Sometimes these instruction tags can be added to the wrong pages or even all pages of the site by accident causing your site to effectively disappear from the index.


Where there is money to be made online some people will always try to beat the system and trick their way to the top of search results. In the past, one way of tricking Google was to try to increase the relevancy of a web page by repeating the same keywords over and other. This obviously didn’t look natural to a site visitor so some people then started to write with white text against a white background. This hasn’t been effective for gaming Google for a very long time and it is very likely that Google would quickly identify this happening and refuse to add your site to their index.

Penalties can also be applied to domains that have tried to build lots of links to their website in a bid to improve their rankings. It is not easy to build links, in fact the best way is to earn them by creating and publishing really good content so the short-cut that some people try is to build links from sites like ‘SEO Link Directories’. These should be avoided at all costs.
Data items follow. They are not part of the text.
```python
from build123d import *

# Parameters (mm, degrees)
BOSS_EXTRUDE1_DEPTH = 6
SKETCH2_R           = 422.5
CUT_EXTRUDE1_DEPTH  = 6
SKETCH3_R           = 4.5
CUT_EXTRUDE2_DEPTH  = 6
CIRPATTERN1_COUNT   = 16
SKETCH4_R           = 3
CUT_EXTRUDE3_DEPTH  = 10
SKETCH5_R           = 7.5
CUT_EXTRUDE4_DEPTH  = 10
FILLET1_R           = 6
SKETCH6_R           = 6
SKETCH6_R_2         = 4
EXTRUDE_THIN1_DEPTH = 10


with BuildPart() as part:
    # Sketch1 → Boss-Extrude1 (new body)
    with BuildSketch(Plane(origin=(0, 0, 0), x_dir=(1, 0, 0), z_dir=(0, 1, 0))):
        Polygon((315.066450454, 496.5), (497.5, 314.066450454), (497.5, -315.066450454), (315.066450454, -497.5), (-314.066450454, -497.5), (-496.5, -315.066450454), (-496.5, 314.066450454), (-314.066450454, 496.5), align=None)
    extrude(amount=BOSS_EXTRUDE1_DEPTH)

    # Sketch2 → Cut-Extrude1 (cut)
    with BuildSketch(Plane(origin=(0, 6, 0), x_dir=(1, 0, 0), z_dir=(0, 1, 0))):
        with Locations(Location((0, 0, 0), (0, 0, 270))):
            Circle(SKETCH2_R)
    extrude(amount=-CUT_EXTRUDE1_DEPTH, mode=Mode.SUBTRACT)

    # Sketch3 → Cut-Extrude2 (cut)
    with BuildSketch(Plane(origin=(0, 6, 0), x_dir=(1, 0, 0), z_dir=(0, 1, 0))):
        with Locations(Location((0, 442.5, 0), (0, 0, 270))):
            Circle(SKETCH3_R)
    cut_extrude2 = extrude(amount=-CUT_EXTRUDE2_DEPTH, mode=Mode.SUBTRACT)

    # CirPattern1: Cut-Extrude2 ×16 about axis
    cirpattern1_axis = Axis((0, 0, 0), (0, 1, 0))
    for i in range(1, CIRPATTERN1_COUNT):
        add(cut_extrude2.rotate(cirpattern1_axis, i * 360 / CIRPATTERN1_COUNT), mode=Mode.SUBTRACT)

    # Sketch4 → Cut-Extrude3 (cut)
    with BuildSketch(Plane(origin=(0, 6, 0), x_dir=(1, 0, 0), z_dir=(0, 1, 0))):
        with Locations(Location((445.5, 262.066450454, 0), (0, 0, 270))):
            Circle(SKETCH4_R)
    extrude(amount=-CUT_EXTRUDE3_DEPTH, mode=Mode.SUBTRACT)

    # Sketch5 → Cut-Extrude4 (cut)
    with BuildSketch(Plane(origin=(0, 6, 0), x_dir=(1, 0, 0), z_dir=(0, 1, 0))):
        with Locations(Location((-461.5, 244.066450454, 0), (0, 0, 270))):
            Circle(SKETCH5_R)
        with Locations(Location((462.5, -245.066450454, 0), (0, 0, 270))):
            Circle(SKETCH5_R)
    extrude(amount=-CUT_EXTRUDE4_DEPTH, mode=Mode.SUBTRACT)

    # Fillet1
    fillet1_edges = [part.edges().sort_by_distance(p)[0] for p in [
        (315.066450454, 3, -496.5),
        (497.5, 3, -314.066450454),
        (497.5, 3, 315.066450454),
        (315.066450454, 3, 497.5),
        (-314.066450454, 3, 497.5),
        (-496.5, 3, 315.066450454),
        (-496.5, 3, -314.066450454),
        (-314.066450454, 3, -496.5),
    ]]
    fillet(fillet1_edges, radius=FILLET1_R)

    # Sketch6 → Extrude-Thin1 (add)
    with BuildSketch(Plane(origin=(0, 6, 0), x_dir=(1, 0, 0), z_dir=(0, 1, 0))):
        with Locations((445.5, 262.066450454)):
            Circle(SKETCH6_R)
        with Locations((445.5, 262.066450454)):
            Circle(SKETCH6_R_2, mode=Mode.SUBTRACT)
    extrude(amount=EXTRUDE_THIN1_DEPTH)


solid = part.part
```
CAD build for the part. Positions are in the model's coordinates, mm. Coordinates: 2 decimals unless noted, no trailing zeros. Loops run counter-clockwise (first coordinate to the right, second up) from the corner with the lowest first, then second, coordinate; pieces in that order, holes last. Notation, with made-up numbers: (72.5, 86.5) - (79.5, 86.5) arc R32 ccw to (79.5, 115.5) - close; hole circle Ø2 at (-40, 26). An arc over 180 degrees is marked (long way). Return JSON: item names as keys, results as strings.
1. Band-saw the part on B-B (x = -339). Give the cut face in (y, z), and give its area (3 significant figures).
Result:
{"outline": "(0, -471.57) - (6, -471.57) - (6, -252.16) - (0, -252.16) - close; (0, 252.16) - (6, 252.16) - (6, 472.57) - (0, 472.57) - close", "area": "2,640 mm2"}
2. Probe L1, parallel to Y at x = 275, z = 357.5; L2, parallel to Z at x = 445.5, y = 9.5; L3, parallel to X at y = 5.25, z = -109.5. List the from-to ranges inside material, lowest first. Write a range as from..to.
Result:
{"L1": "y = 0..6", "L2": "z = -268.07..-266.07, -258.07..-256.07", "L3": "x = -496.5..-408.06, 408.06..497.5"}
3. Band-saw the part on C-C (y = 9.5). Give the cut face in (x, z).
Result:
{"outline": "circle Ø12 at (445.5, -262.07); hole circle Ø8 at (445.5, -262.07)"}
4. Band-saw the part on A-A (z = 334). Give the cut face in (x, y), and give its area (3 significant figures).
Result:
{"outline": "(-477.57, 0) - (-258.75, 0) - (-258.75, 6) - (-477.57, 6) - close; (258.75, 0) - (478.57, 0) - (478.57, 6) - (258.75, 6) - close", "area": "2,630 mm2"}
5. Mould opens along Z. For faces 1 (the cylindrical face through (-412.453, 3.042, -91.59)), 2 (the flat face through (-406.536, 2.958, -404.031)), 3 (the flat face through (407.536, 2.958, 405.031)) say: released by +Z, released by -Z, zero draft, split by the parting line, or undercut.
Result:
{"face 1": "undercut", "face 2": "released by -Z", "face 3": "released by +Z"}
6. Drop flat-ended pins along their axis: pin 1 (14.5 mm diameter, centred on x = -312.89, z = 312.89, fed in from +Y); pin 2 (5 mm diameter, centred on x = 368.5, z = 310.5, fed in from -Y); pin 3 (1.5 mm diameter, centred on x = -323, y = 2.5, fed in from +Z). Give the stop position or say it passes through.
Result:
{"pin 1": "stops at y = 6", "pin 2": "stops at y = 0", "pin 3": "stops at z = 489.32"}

When a user enters a search term in to the Google search page then Google’s aim is to provide the best quality, most useful result that it can. This is by far the most complex part of the process with hundreds of factors being taken in to account. A much more expansive description of this process is covered under my previous post ‘Understanding What Google Wants


The final stage is for Google to display their results. If you have done a good job of making your site accessible and interesting enough for Google to list in their results then ensure that you also take every opportunity to grab the attention of the searcher by making your listing stand out.

You would have most likely already taken the time to make your page titles as relevant as possible but don’t forget that it is ultimately a person who will make the decision to click or not to click so also take the time to make them appealing.

Write your title and description as if they were a magazine advert rather than just information about your product.


Hopefully you will have a good idea of the number of pages your website should have indexed. If you don’t then you can get a rough estimate by adding the number of active products that you have listed with the number of blog posts and the number of content pages (T&C’s page, privacy policy, about us page, etc) Then adding 50% to that number.

An indication that you may have a crawling or indexing problem can be identified by comparing the number of pages that you think should be in the index with the number of pages that Google is telling you that it has indexed. The most accurate indication of this will be reported within your Google Search Console account under Google Index >>> Index Status. If you don’t have easy access to Search Console then you can carry out a site search by entering your domain name in to a standard Google search in the following format ‘’.

If the number of pages being reported is much lower than you expected then this indicates that there may be a problem and that Google either can’t find your pages or is deciding not to index them.

If the number is much higher then it is possible that you have a technical issue where your website is creating web addresses that are being indexed when they should possibly have been blocked. A good example is where a product search box on a website creates an unlimited number of web pages that should be blocked from being crawled/indexed. We once had a client who had just 400 products on their site but Google was aware of more than 8-million pages.

If you experience a sudden drop in traffic to your website then the very first thing that you should do is to check that you aren’t blocking search engines from crawling your site. You can do this by creating a Google Search Console account and using the Google’s Robots Testing Tool. If you aren’t able to test your site then you should get some help as soon as possible to find out why your web traffic has disappeared.